Las primeras alarmas se encendieron cuando un concursante de Masterchef Uruguay en su versión amateur publicó el flyer de un evento “gastronómico” en redes. En el encabezado del texto aseguraba ser el chef invitado para cocinar en tal restaurante. Al muchacho no se le conocía -ni conoce- más profesión que haber estudiado un curso de turismo en Bios. Si bien a la descabellada auto-denominación no le falta arrogancia, deberíamos empezar a reflexionar sobre cómo hemos llegado a esto.
Hace poco conocí a una mujer muy simpática que al presentarse se autodefinió como una mezcla entre cocinera y chef. Cuando rasqué un poquito, resulta que no solo carecía de formación en cocina, sino que toda su experiencia se concentraba en menos de un año de trabajo en un hotel. Recientemente un reconocido polo gastronómico la citó para cocinar en un evento presentándola en redes como la “chef” menganita.

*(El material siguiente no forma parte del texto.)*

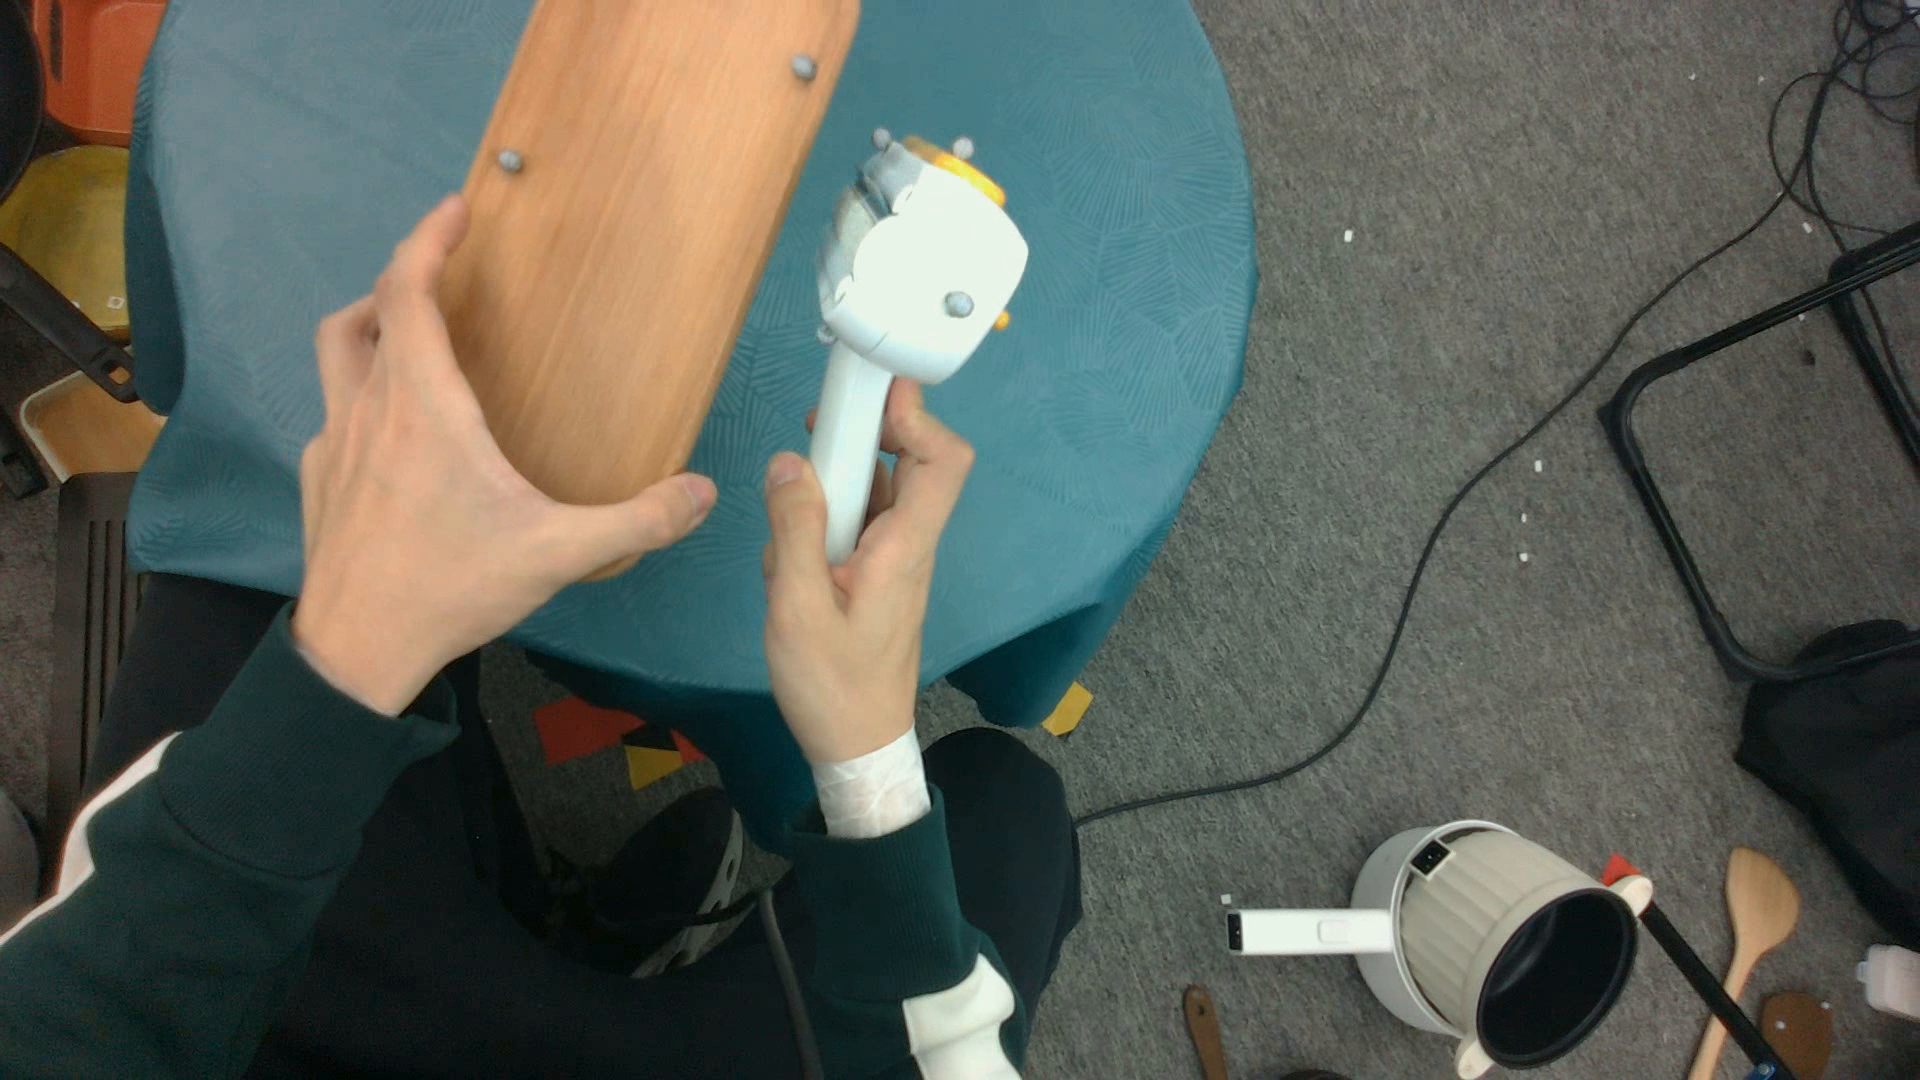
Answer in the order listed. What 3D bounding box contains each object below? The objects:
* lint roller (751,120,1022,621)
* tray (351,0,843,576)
[{"bbox_3d":[-0.048,-0.059,0.525,0.074,0.193,0.192,23,107,-21],"label":"lint roller"},{"bbox_3d":[-0.136,-0.117,0.513,0.130,0.023,0.250,23,91,19],"label":"tray"}]
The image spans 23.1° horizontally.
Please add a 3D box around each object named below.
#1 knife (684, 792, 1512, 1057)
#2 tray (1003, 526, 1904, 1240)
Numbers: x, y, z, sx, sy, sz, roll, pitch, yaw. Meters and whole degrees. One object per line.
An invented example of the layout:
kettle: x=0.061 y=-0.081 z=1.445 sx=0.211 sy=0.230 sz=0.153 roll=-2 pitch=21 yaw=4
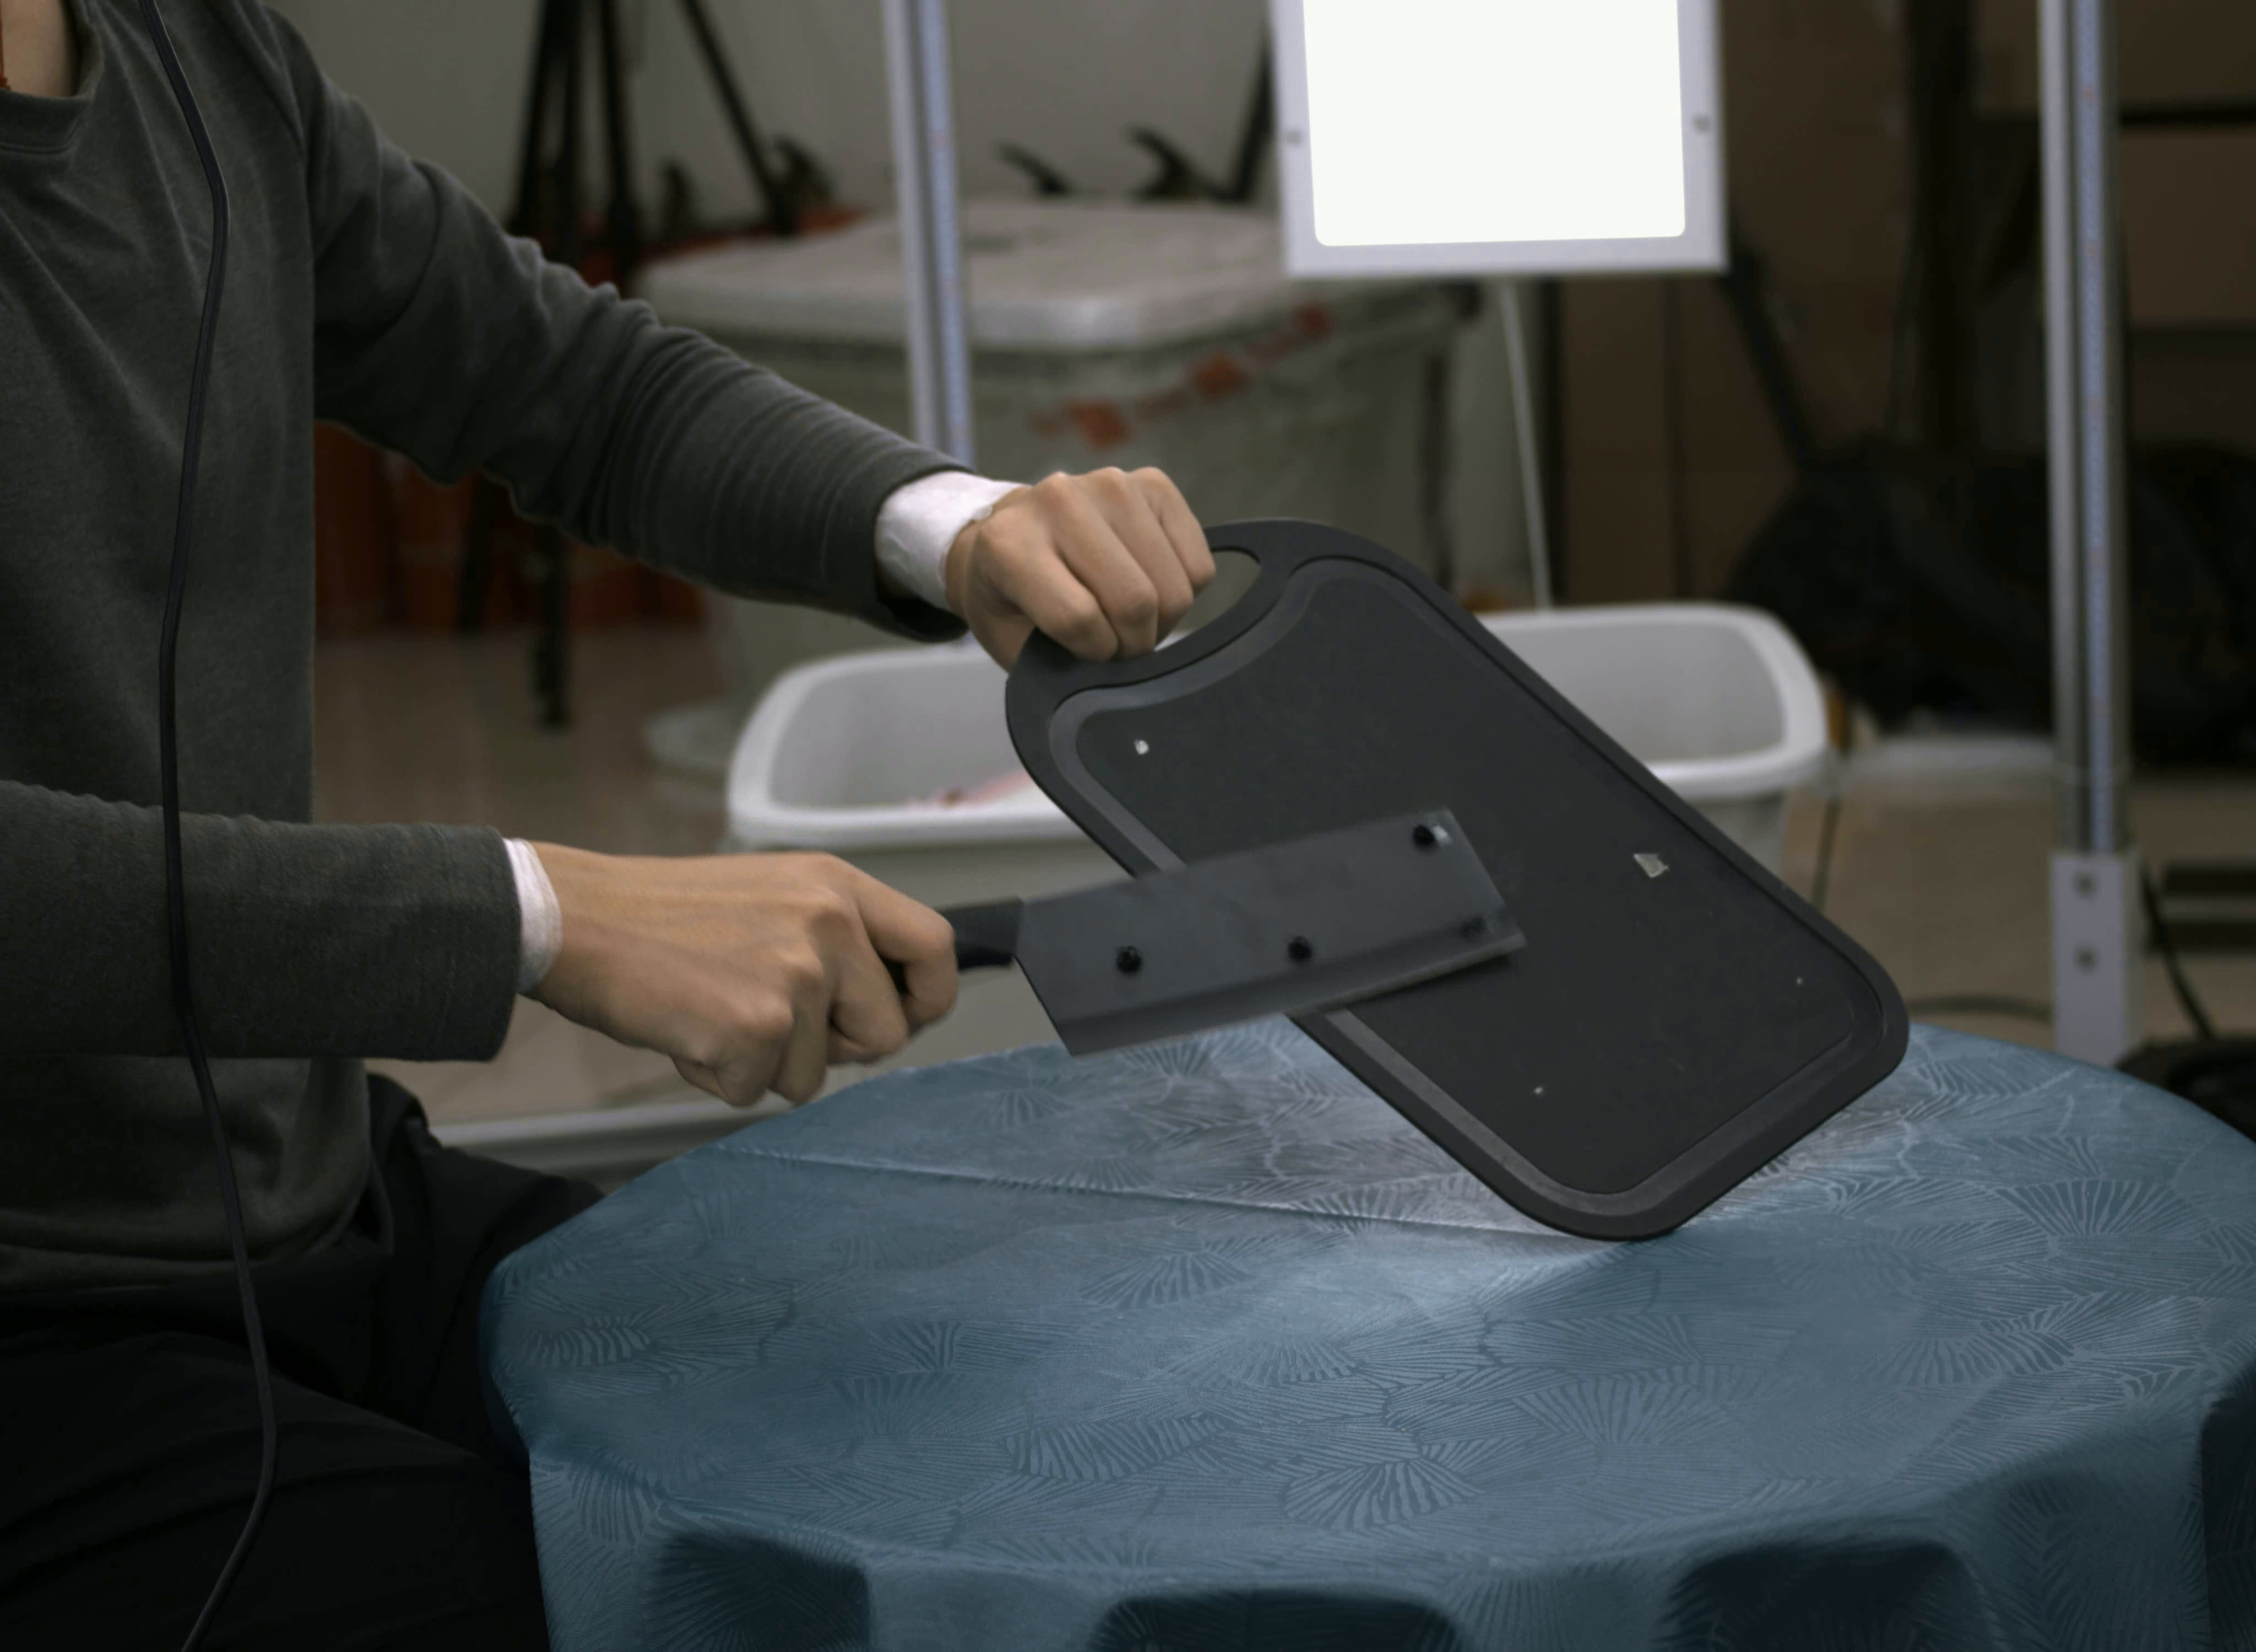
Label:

El problema tiene varias aristas. De un lado da la sensación de que todos quieren ser chefs y ninguno cocinero, a pesar de que serlo es la base de una consolidación profesional que podría algún día, con años y esfuerzo, llevarte a ser chef si tienes, cultivas y desarrollas el talento, las capacidades y las aptitudes requeridas. De otro, está la banalización de la responsabilidad que genuinamente acarrea el puesto.
Todo empieza por la formación técnico profesional que generalmente tiene unos tres años de duración e idealmente conlleva la permanente práctica real en un restaurante escuela en el que comen diariamente no menos de ochenta comensales. Esta experiencia se debe complementar con prácticas formativas en empresa todos los veranos, durante los tres años que dura la formación. Si te decantas por la alta cocina, en la mayoría de los casos vas a trabajar una media de doce a catorce horas al día con servicios de entre ochenta y ciento cincuenta comensales. Ahí es donde empiezas a espabilar, te tiran a la basura esa porquería que elaboraste y tu creías maravillosa, conoces el verdadero significado de la camadería y del conflicto afilado, disfrutas de una sensación incomparable el día que el jefe te felicita por eso que te salió tan bien y empiezas, de algún modo, a entender la adrenalina del servicio y cómo es esto de la gastronomía.
Culminado con éxito ese ciclo, te recibes como cocinero y como tal empiezas a trabajar, unos años en tal restaurante y otros tantos en aquel otro. Con suerte exploras y sales a adquirir experiencia al extranjero. Felicitaciones, tienes talento y llegas a ser jefe de partida. Entre pitos y flautas ya llevas seis, siete u ocho años en el medio. Uno de cada muchos, cada tanto, resulta tener las capacidades, el tesón y el talento y con el tiempo le surge la oportunidad dorada de ser chef. Ahí comienza una nueva etapa llena de desafíos que involucran no solo la creatividad y profesionalidad en el cocinado, también la gestión humana, las gestión de proveedores, la administración, las finanzas, el marketing y un largo etcétera de dolores de cabeza que te persiguen a diario. De entre los cientos y cientos de chefs escondidos en sus cocinas con las marcas de guerra en sus manos y brazos, alguno despunta y brilla con luz propia de tanto en cuanto. Ahora sí podría llegar la prensa y podrían llegar los reconocimientos. Seguramente a estas alturas ya llevas al menos, diez años de profesión en las espaldas.
Estarán pensando que hay excepciones a la norma de exitosos cocineros autodidactas y cocineros que han brillado con mayor prontitud. Obviamente los hay y los celebro, pero son los menos. La cocina es una profesión con mayúsculas en la que se avanza a base de experiencia en el campo de batalla. Si no tienes capacidades para dar un servicio decente de al menos, cincuenta comensales, podrás cocinar pero no eres cocinero. Flaco favor a la profesión le están haciendo quienes tildan de chefs a quienes no pasan de ayudantes de cocina inexpertos. No solo confunden al público también ensanchan los egos de quienes sueñan con ser populares, sin poner en el camino el más mínimo esfuerzo.